| Your task |
Print each line below verbatim, skipping every picture.

(Data to examine)

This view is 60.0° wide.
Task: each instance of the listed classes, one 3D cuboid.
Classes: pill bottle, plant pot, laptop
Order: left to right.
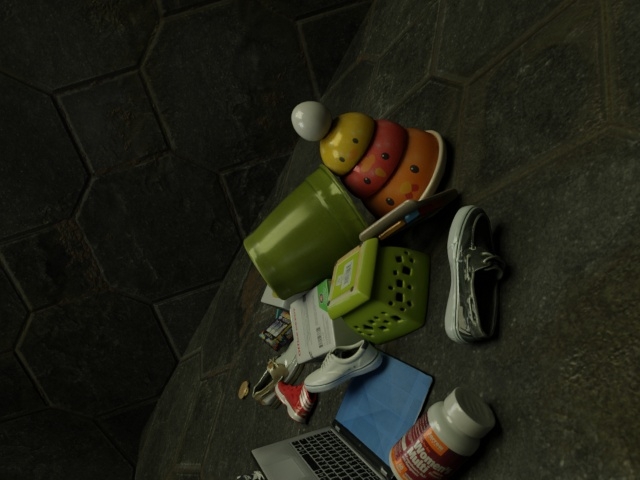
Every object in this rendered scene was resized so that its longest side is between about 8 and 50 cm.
[{"bbox_3d":[-0.043,0.003,1.789,0.353,0.366,0.366,-33,23,0],"label":"plant pot"},{"bbox_3d":[0.038,0.469,1.451,0.382,0.408,0.236,-175,75,-70],"label":"laptop"},{"bbox_3d":[0.154,0.136,1.567,0.227,0.207,0.228,-39,32,51],"label":"plant pot"},{"bbox_3d":[0.249,0.411,1.141,0.221,0.121,0.121,-56,22,24],"label":"pill bottle"}]

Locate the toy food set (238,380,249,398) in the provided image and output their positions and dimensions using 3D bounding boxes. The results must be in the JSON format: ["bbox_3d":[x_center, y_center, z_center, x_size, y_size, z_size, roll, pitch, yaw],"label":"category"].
[{"bbox_3d":[-0.338,0.660,2.451,0.083,0.020,0.082,-52,24,33],"label":"toy food set"}]

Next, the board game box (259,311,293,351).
[{"bbox_3d":[-0.154,0.351,2.149,0.141,0.048,0.170,-43,16,-14],"label":"board game box"}]

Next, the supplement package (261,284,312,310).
[{"bbox_3d":[-0.065,0.182,2.063,0.263,0.198,0.199,-3,64,67],"label":"supplement package"}]

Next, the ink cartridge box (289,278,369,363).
[{"bbox_3d":[0.020,0.263,1.761,0.289,0.122,0.211,-39,55,57],"label":"ink cartridge box"}]

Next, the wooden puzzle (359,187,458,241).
[{"bbox_3d":[0.253,-0.064,1.556,0.221,0.239,0.044,-37,74,42],"label":"wooden puzzle"}]

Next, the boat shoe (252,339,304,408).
[{"bbox_3d":[-0.149,0.486,2.062,0.302,0.103,0.113,-62,21,8],"label":"boat shoe"}]

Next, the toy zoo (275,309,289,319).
[{"bbox_3d":[-0.139,0.311,2.343,0.192,0.030,0.293,-42,31,47],"label":"toy zoo"}]

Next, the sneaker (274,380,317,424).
[{"bbox_3d":[-0.072,0.518,1.899,0.128,0.087,0.221,-56,33,2],"label":"sneaker"}]

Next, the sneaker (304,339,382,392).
[{"bbox_3d":[0.049,0.350,1.581,0.258,0.091,0.094,-30,15,22],"label":"sneaker"}]

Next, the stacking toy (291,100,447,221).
[{"bbox_3d":[0.116,-0.276,1.729,0.350,0.480,0.350,-51,25,34],"label":"stacking toy"}]

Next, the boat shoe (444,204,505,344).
[{"bbox_3d":[0.370,0.073,1.271,0.119,0.121,0.335,-17,62,54],"label":"boat shoe"}]

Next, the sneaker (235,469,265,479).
[{"bbox_3d":[-0.190,0.757,1.784,0.094,0.153,0.234,1,68,67],"label":"sneaker"}]

(End Data to examine)

| Final answer |
This view is 60.0° wide.
Task: each instance of the listed classes, one 3D cuboid.
Classes: pill bottle, plant pot, laptop
Order: left to right.
Every object in this rendered scene was resized so that its longest side is between about 8 and 50 cm.
[{"bbox_3d":[-0.043,0.003,1.789,0.353,0.366,0.366,-33,23,0],"label":"plant pot"},{"bbox_3d":[0.038,0.469,1.451,0.382,0.408,0.236,-175,75,-70],"label":"laptop"},{"bbox_3d":[0.154,0.136,1.567,0.227,0.207,0.228,-39,32,51],"label":"plant pot"},{"bbox_3d":[0.249,0.411,1.141,0.221,0.121,0.121,-56,22,24],"label":"pill bottle"}]

Locate the toy food set (238,380,249,398) in the provided image and output their positions and dimensions using 3D bounding boxes. The results must be in the JSON format: ["bbox_3d":[x_center, y_center, z_center, x_size, y_size, z_size, roll, pitch, yaw],"label":"category"].
[{"bbox_3d":[-0.338,0.660,2.451,0.083,0.020,0.082,-52,24,33],"label":"toy food set"}]

Next, the board game box (259,311,293,351).
[{"bbox_3d":[-0.154,0.351,2.149,0.141,0.048,0.170,-43,16,-14],"label":"board game box"}]

Next, the supplement package (261,284,312,310).
[{"bbox_3d":[-0.065,0.182,2.063,0.263,0.198,0.199,-3,64,67],"label":"supplement package"}]

Next, the ink cartridge box (289,278,369,363).
[{"bbox_3d":[0.020,0.263,1.761,0.289,0.122,0.211,-39,55,57],"label":"ink cartridge box"}]

Next, the wooden puzzle (359,187,458,241).
[{"bbox_3d":[0.253,-0.064,1.556,0.221,0.239,0.044,-37,74,42],"label":"wooden puzzle"}]

Next, the boat shoe (252,339,304,408).
[{"bbox_3d":[-0.149,0.486,2.062,0.302,0.103,0.113,-62,21,8],"label":"boat shoe"}]

Next, the toy zoo (275,309,289,319).
[{"bbox_3d":[-0.139,0.311,2.343,0.192,0.030,0.293,-42,31,47],"label":"toy zoo"}]

Next, the sneaker (274,380,317,424).
[{"bbox_3d":[-0.072,0.518,1.899,0.128,0.087,0.221,-56,33,2],"label":"sneaker"}]

Next, the sneaker (304,339,382,392).
[{"bbox_3d":[0.049,0.350,1.581,0.258,0.091,0.094,-30,15,22],"label":"sneaker"}]

Next, the stacking toy (291,100,447,221).
[{"bbox_3d":[0.116,-0.276,1.729,0.350,0.480,0.350,-51,25,34],"label":"stacking toy"}]

Next, the boat shoe (444,204,505,344).
[{"bbox_3d":[0.370,0.073,1.271,0.119,0.121,0.335,-17,62,54],"label":"boat shoe"}]

Next, the sneaker (235,469,265,479).
[{"bbox_3d":[-0.190,0.757,1.784,0.094,0.153,0.234,1,68,67],"label":"sneaker"}]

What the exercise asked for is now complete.